Journal of The Japan Society of Electrical Machining Engineers Volume 35, Issue 80

An overview of micro-EDM

In this paper, the contemporary technology of micro-EDM is overviewed. The basic technological background of micro-EDM is discussed first. Following some introduction of the types of equipment, present state of the technology and examples of machining are shown. Various possible combinations with other micromachining technologies are also discussed.

Continuously machining microholes by EDM

Machining microholes has become important in various industrial fields. Since the development of WEDG (wire electro discharge) technology, micro-EDM has become an excellent method for machining microholes on metals and alloys. However, problems remain for achieving mass production of microholes by EDM. Conventional micro-EDM technology is needed to prepare a microtool before machining microholes. In this paper a new system is proposed for machining microholes, called the Tandem micro-EDM system. The new system is not only for machining microtools but also for machining microholes at the same time. As a result, the Tandem micro-EDM system can machine a great number of microholes continuously after spindle setup.

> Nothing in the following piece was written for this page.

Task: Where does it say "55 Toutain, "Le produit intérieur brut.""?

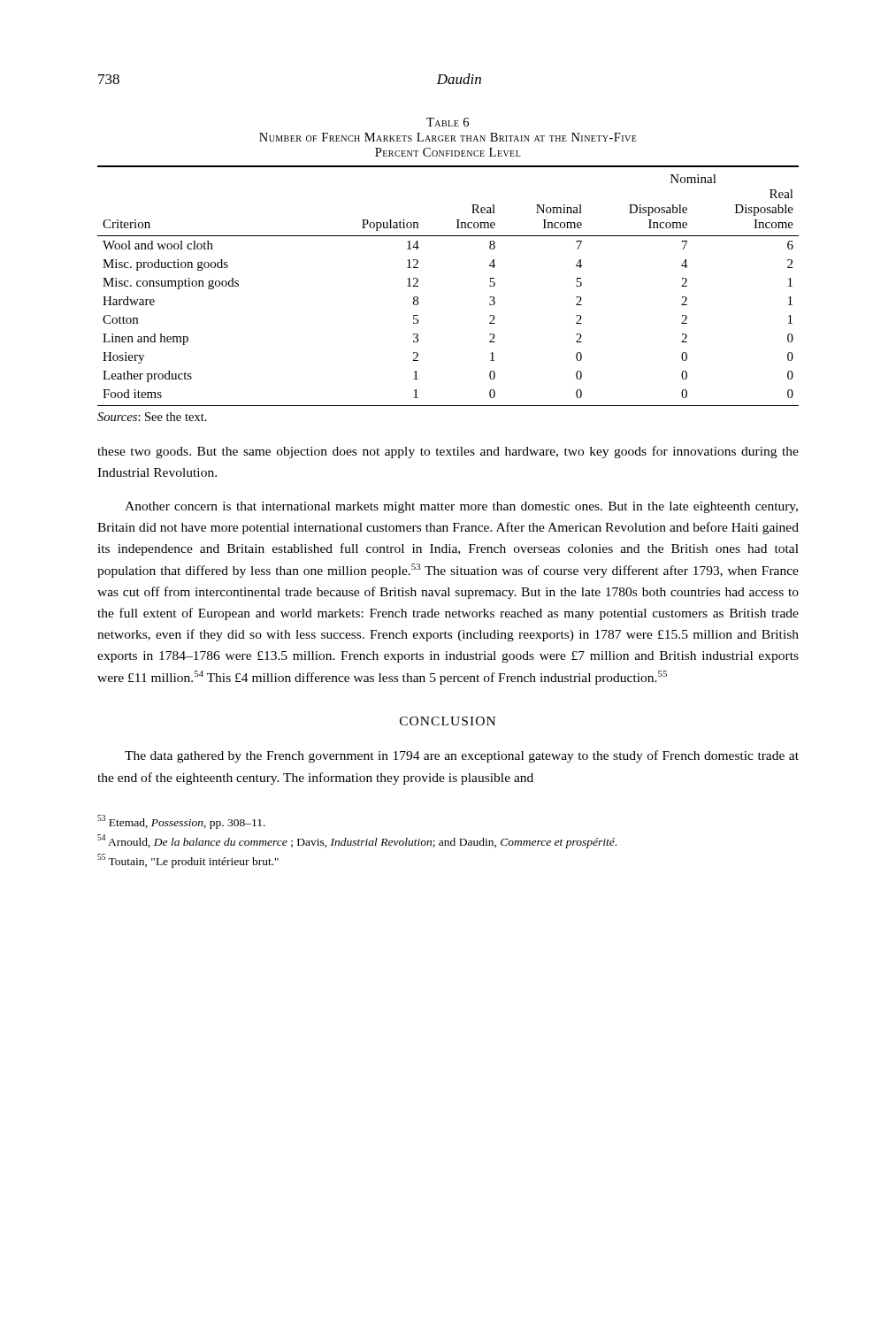Action: (x=188, y=860)
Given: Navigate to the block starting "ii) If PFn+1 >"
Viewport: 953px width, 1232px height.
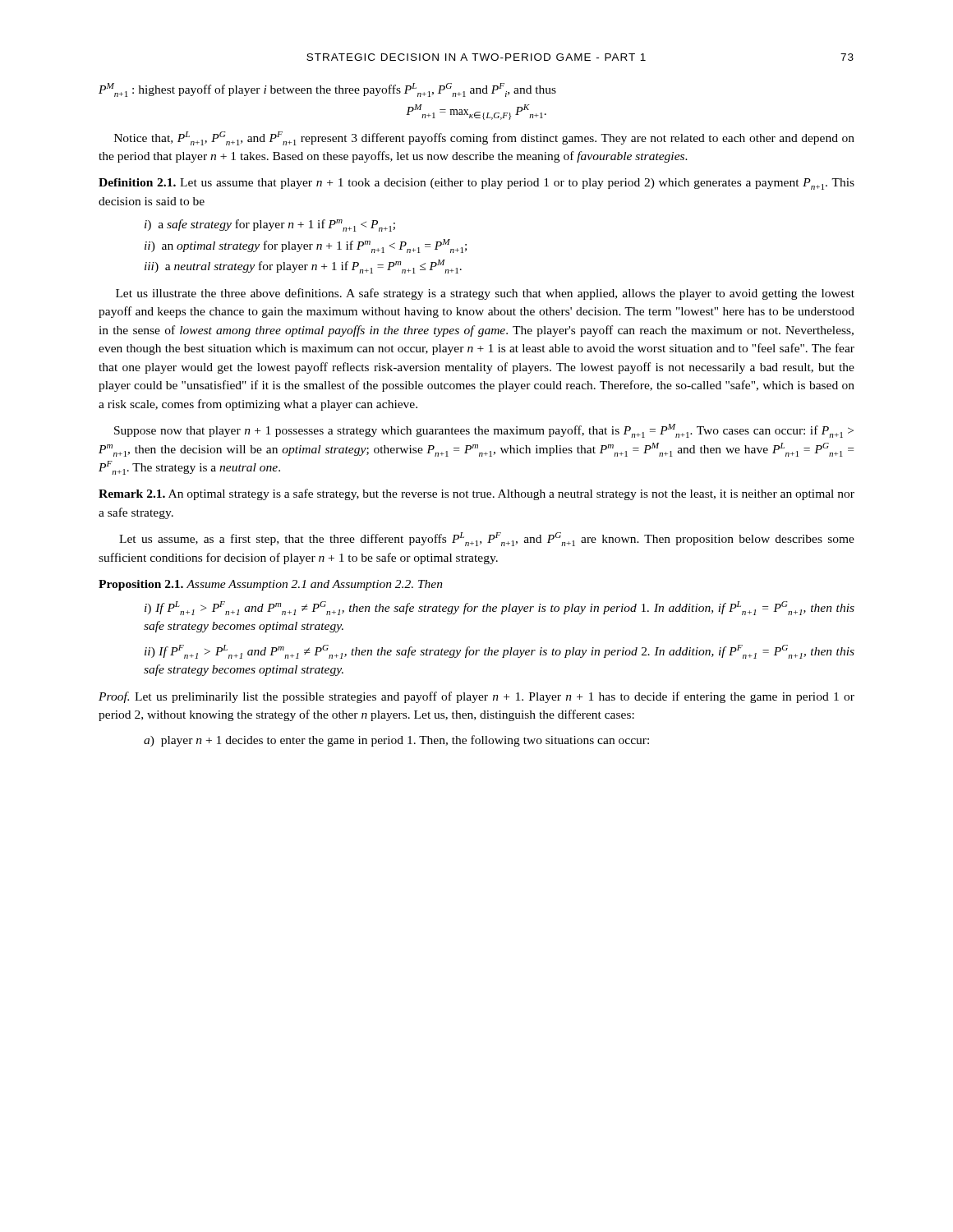Looking at the screenshot, I should pos(499,659).

Coloring of Titanium Alloy by EDM (2nd Report)

In the previous report, we proposed a new coloring method for titanium alloy by Electrical Discharge Machining (EDM) in dielectric water and discussed the coloring mechanism for titanium alloy. The colored surface could be caused by an interference phenomenon in the anodic oxide film formed with electrolytic affection during EDM. In this study, further investigation of the coloring mechanism on the EDM surface was carried out by calculating the spectral reflectance of interference light based on the “multiple beam interference” theory. As a result, it was shown that the color of the EDM surface strongly resembled the interference color of spectral reflectance. It was therefore confirmed that the surface coloring by EDM was caused by an interference phenomenon in the anodic oxide film. Moreover, the oxide film thickness depended on the average working voltage.

Surface Modification Using Electrode Transfer Induced by Discharge of Gas

A pulsed arc has been applied to deposit an electrode material on a metallic substrate. Die steels are sparked with electrodes of cermets containing both borides (TiB₂, ZrB₂) and metals (Co, Ni) in argon atmosphere. A conventional NC EDM machine is used as a pulsed arc generator. A transistor-controlled capacitor circuit is adopted to obtain steep and high current electrical pulses promoting transfer of the electrode materials. Coatings of borides, which are difficult to build up, are deposited onto the substrates. Surfaces of the coatings are irregular and thickness varies in the range of 10 to 50μm. No cracks are observed in interfaces between the coatings and the substrates. Vickers hardness value (0.098N load) changes between 1, 000 to 3, 200Hv depending on both thickness of the coating and the electrode materials. Wear-out test is performed to investigate wear resistance of the coatings. Although the substrates without a coating are severely worn, the wear impression of the coated substrates is terminated in the coatings. An electrode mass transfer mechanism is observed. The electrode material is not transferred by a single discharge but by a highly concentrated discharge that occurs occasionally at arbitrary locations.